We think we can tell a sub dominant social theme when we see one. Social network companies get a lot of press and attention because they represent the controllable side of the Internet, in our view. Social networking is the "softer side" of the Internet from a power elite standpoint. A small intergenerational, familial elite has seen its secrecy ripped asunder by the Internet. But these sites, especially Facebook with some 500 million users, are far less challenging to elite plans for global centralization. If anything, one could argue that such networks offer the kind of naïve openness and frivolity that the elite is pleased to take advantage of.

Social networking is perhaps a preferable Internet construct. It is an Internet full of self-revelations about social events, parties, drinking and music and movie "favs." It is self-revelatory in the most basic way and often mundane in terms of what is discussed among friends and electronic social circles. For these reasons, we believe this sort of activity is actively encouraged. It seemingly undercuts the Internet as a tool of serious research and historical revisionism. It also provides a far more controllable template for manipulating public use of electronic communications.

Basically social networking seems to provide people with prefabricated and tightly constricted personal websites. Is it by design? It is open knowledge within the Internet community that such fast-growing companies attract the attention of the American intel community – and often attract funding as well.

The two companies that are whispered about the most within this context are Google, which apparently has set up an insider network for US intelligence agencies, and Facebook which allows US intel officials to set up numerous information-tracking facilities of social network users. Here's an article excerpt from Global Research back in 2009 describing the growth of Facebook:

Facebook's first round of venture capital funding ($US 500,000) came from former Paypal CEO Peter Thiel. Author of anti-multicultural tome 'The Diversity Myth', he is also on the board of radical conservative group VanguardPAC. The second round of funding into Facebook ($US 12.7 million) came from venture capital firm Accel Partners. Its manager James Breyer was formerly chairman of the National Venture Capital Association, and served on the board with Gilman Louie, CEO of In-Q-Tel, a venture capital firm established by the Central Intelligence Agency in 1999. One of the company's key areas of expertise are in "data mining technologies".
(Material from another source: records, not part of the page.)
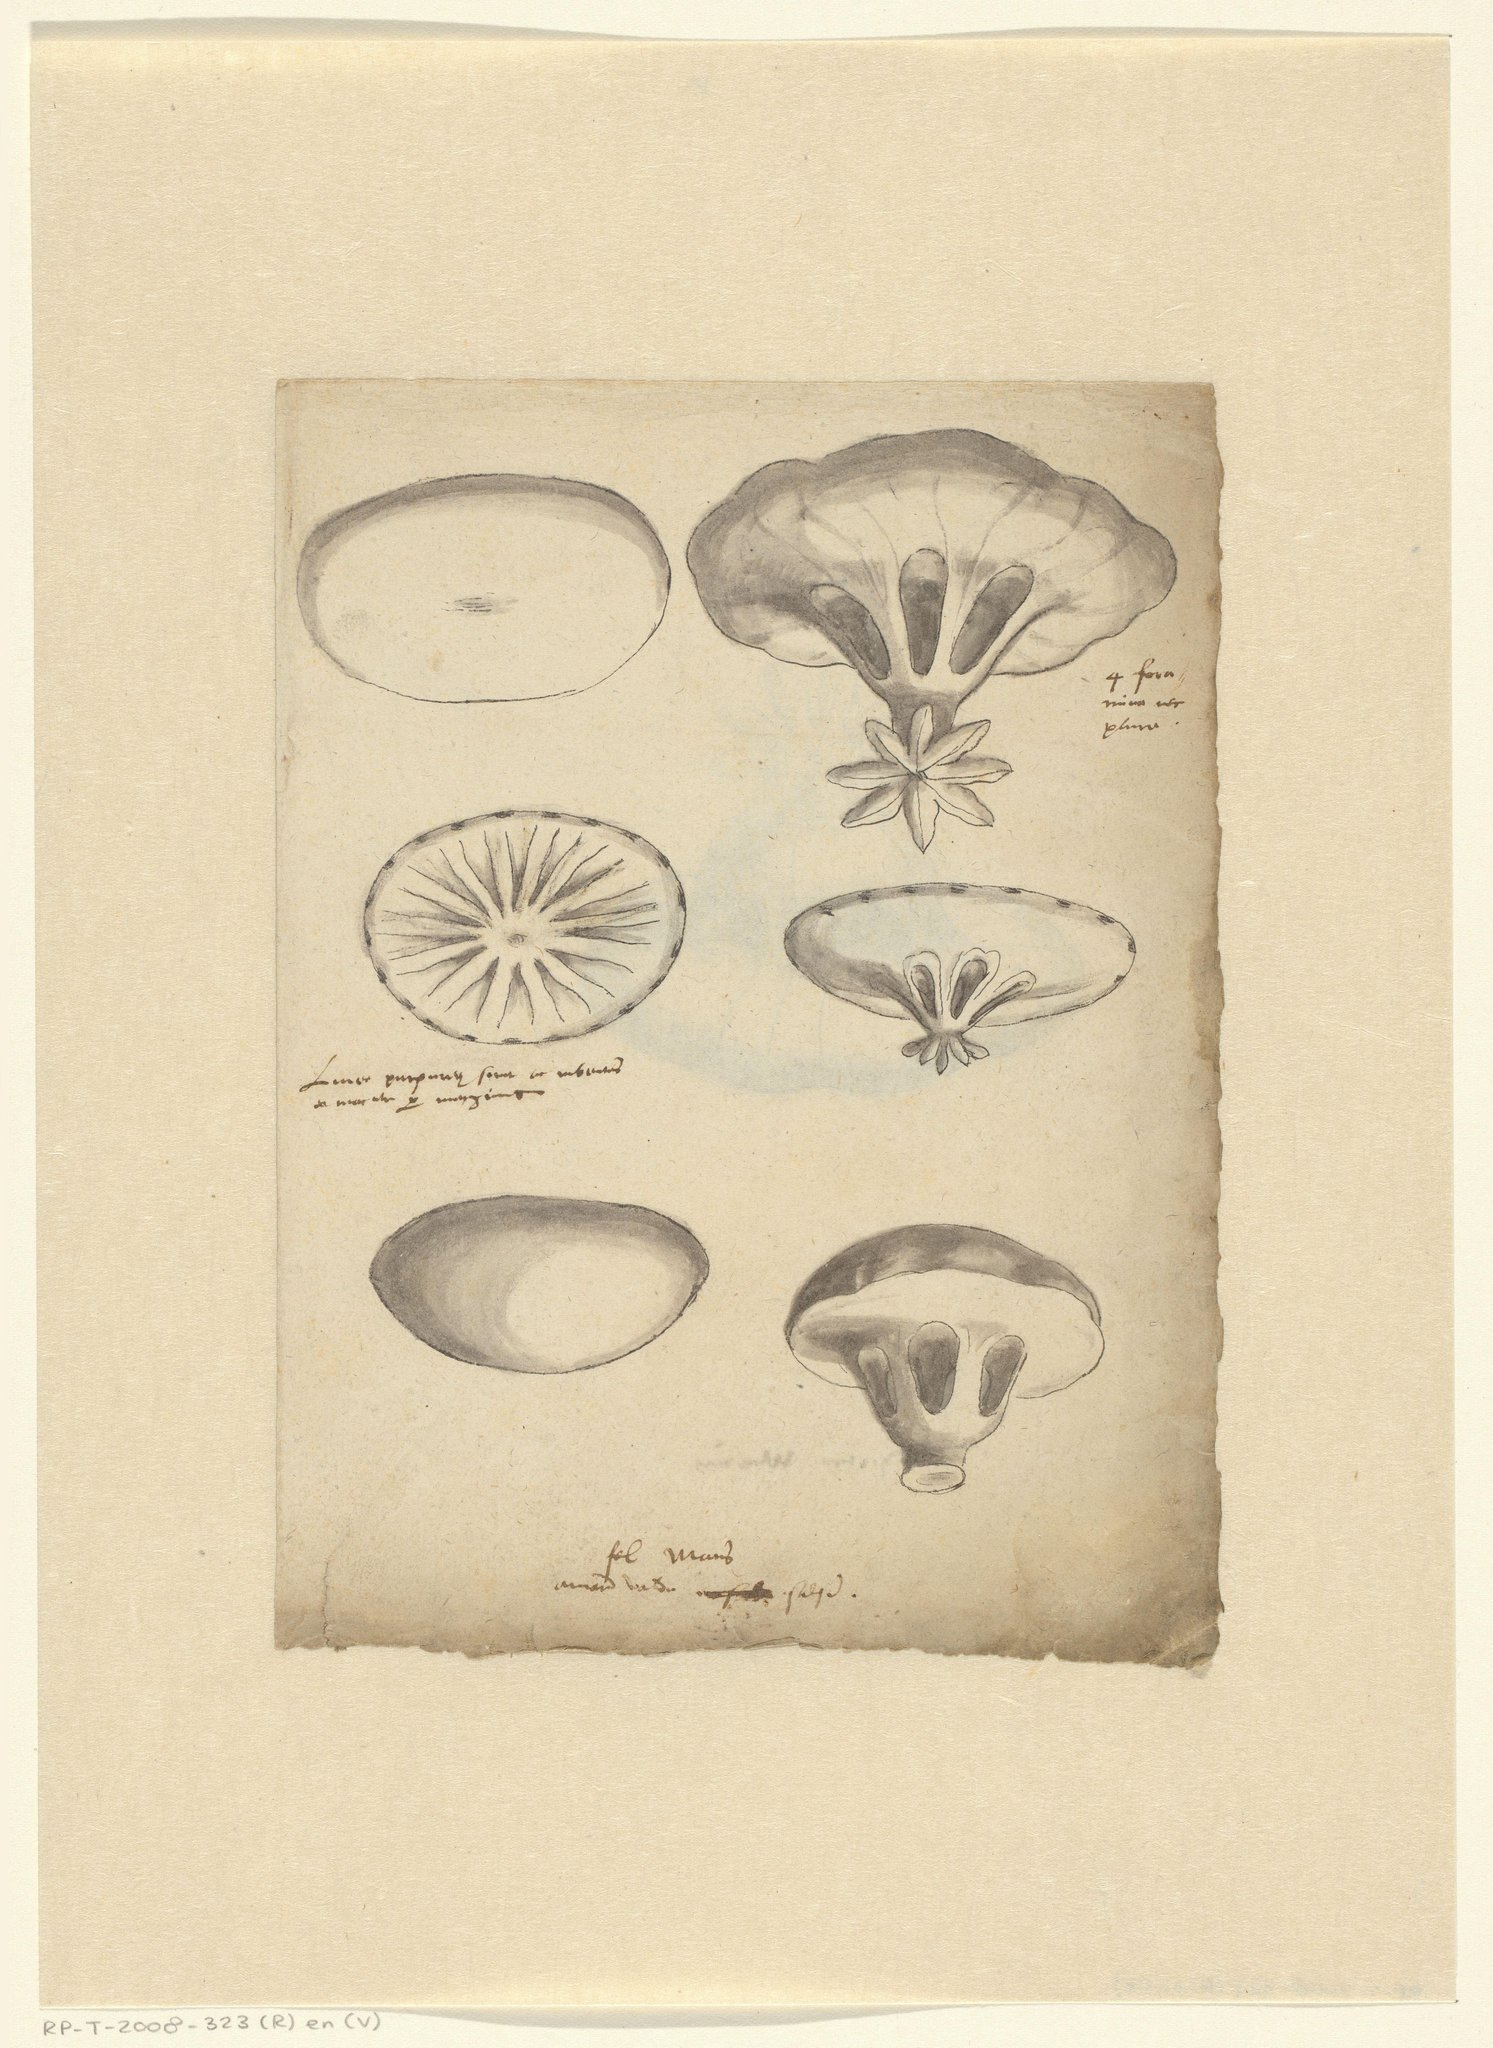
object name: drawing
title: Study sheet with jelly fish
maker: Anonymous
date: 1575-1599
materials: ink, paper
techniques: brush, pen
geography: netherlands
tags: coelenterata: jelly-fish
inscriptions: inscription: ‘Lineae purpureae sunt ac rubescentes/ et maculae per marginem’, inscription: ‘4 fora-/ mina nec/ plura’, inscription: ‘Lineae purpureae sunt ac rubescentes/ et maculae per marginem’

Breyer also served on the board of R&D firm BBN Technologies, which was one of those companies responsible for the rise of the Internet. Dr. Anita Jones joined the firm, which included Gilman Louie. She had also served on the In-Q-Tel's board, and had been director of Defence Research and Engineering for the US Department of Defence. She was also an adviser to the Secretary of Defence and overseeing the Defence Advanced Research Projects Agency (DARPA), which is responsible for high-tech, high-end development.

It was when a journalist lifted the lid on the DARPA's Information Awareness Office that the public began to show concern at its information mining projects. Wikipedia's IAO page says: "the IAO has the stated mission to gather as much information as possible about everyone, in a centralised location, for easy perusal by the United States government, including (though not limited to) internet activity, credit card purchase histories, airline ticket purchases, car rentals, medical records, educational transcripts, driver's licenses, utility bills, tax returns, and any other available data."
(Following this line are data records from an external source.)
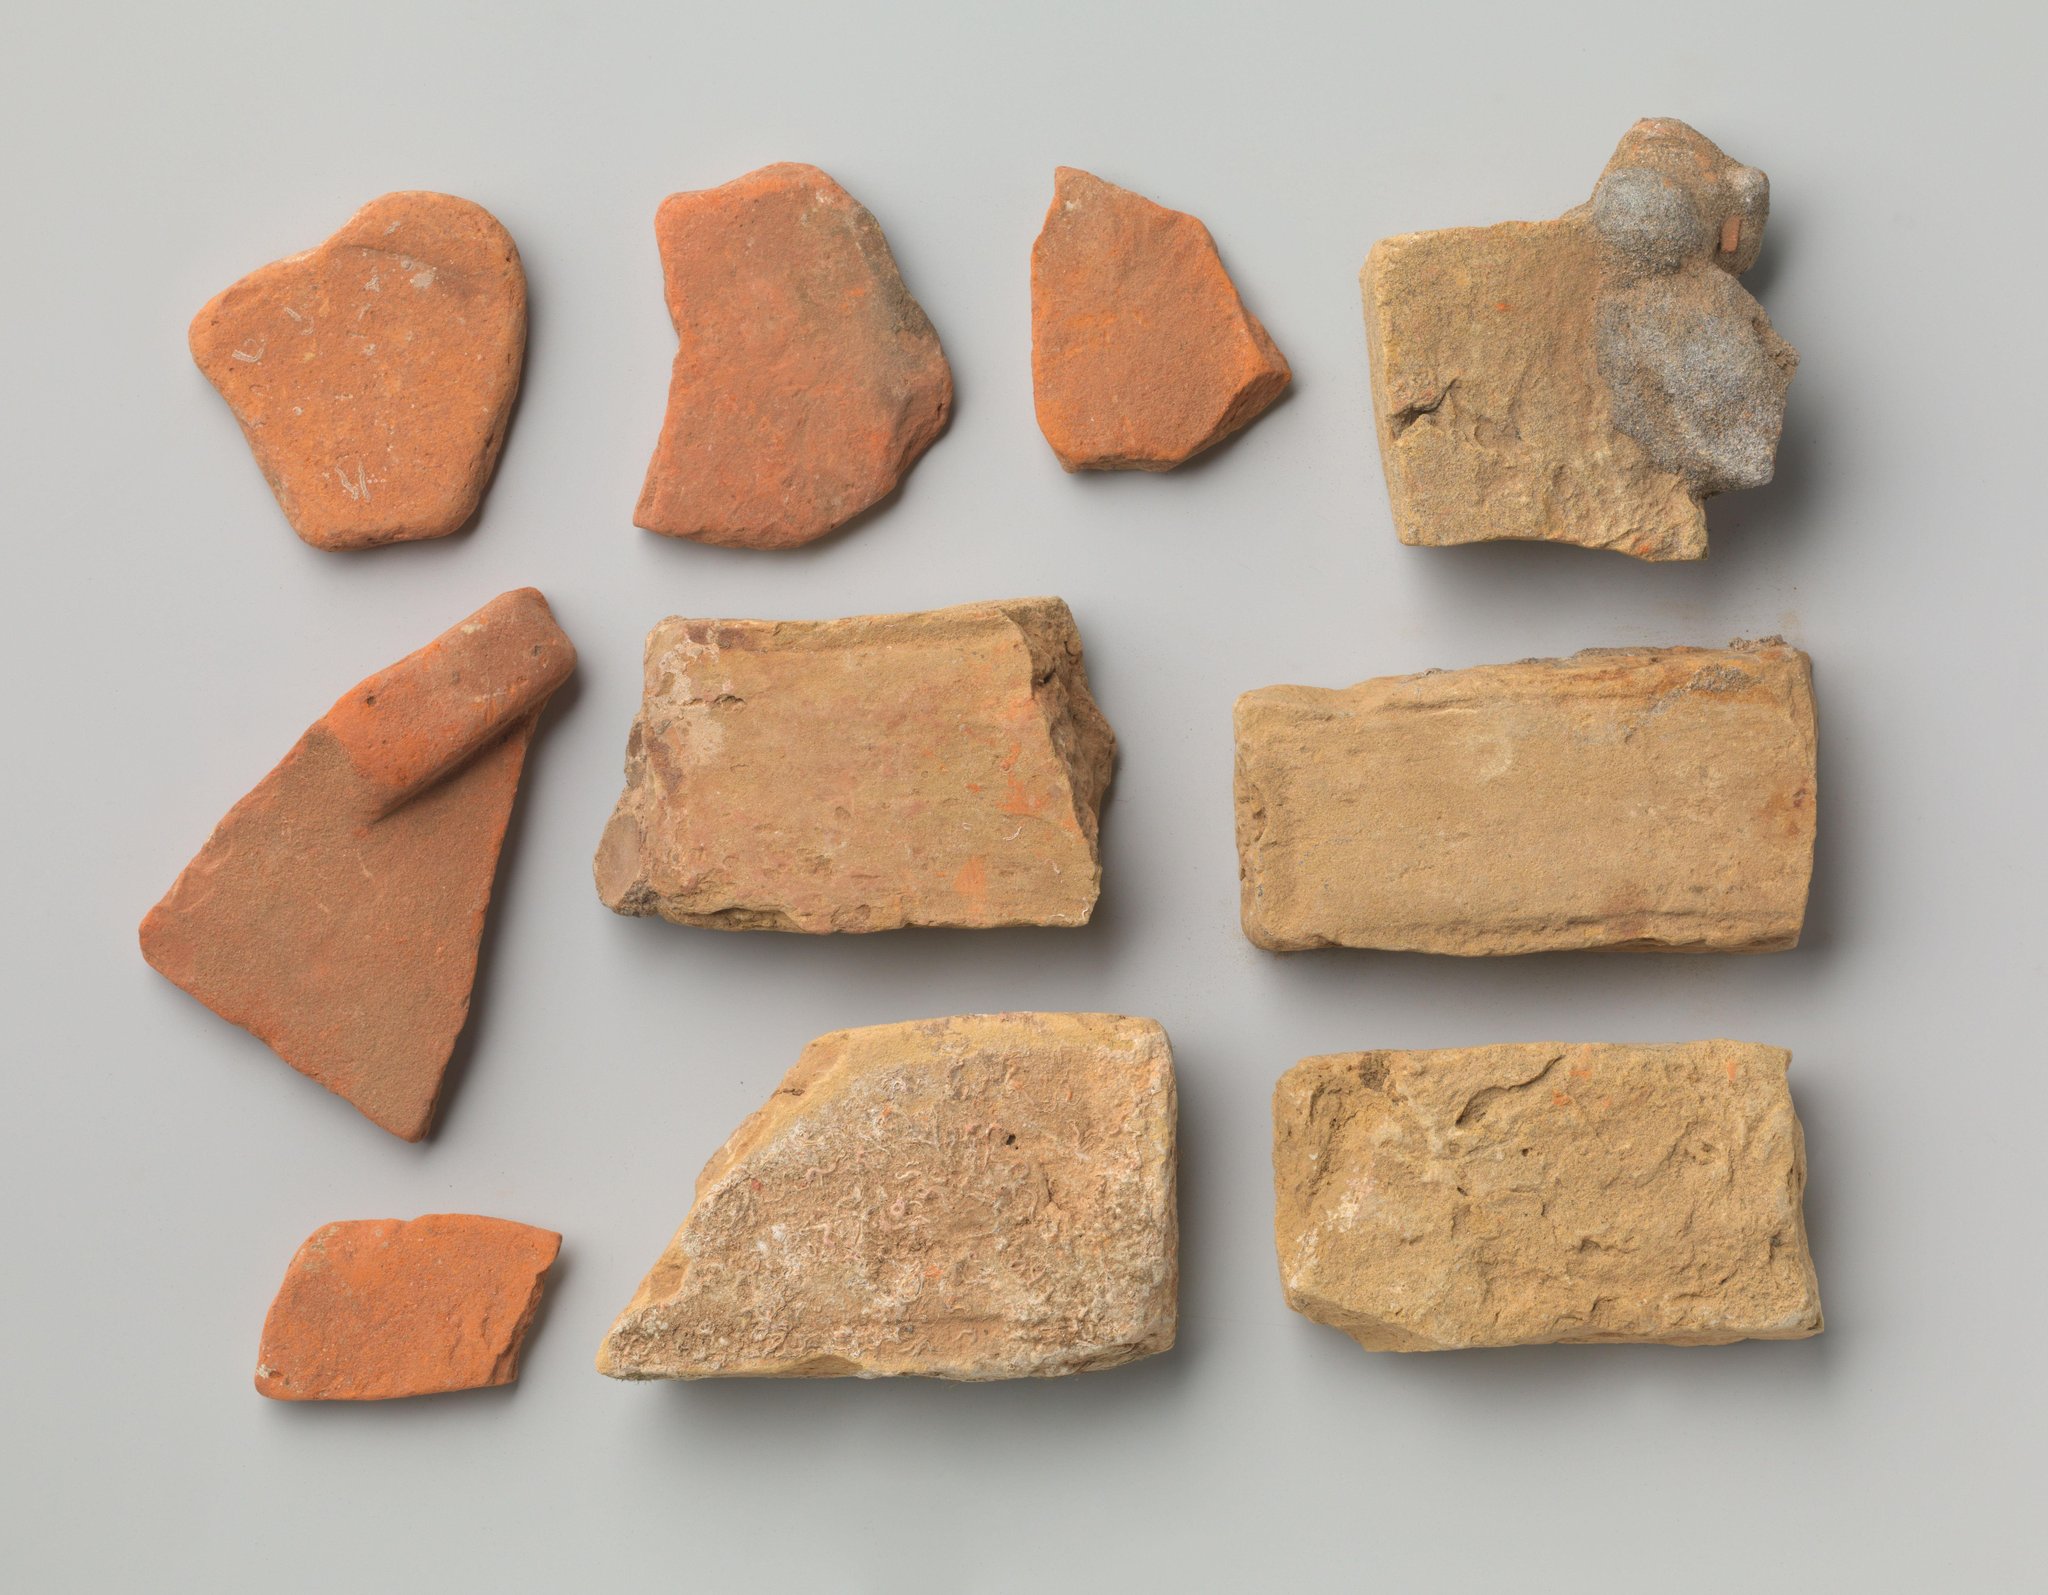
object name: roof tile
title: Fragmenten van daktegels en bakstenen uit V.O.C.-schip Zeelelie
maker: Anonymous
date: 1795
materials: brick, earthenware
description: Fragmenten van daktegels en bakstenen, roodbakkend en geelbakkend.

The Facebook saga has all the hallmarks of a controlled promotion. Promising companies are discovered at Harvard, which funnels brilliant young individuals into a controlled environment where they can be noticed and noted by intelligence authorities. The backstory regarding these companies is that they are in fact the inspiration of these agencies; but they are not.

Outfits like the CIA never create such ventures, it seems; but they do apparently encourage the growth of the ones that they deem most useful. In the process, they can cultivate the founders and ensure that the entity remains complaisant with the values and goals of the larger military-industrial complex and the Anglo-American power-elite itself.

Conclusion: The explosion of social networking websites, especially Facebook, may be a welcome event for the powers-that-be. But as ubiquitous as these social networking sites are becoming, they are still by design fairly rigid in their formats and restrictive in terms of content. Thus the larger Internet with its flexible, customized websites, remains a formidable alternative. Facebook-style sites may offer an Internet experience, but not one in our view that at any point will be able to fully co-opt the larger truth-telling of the Internet.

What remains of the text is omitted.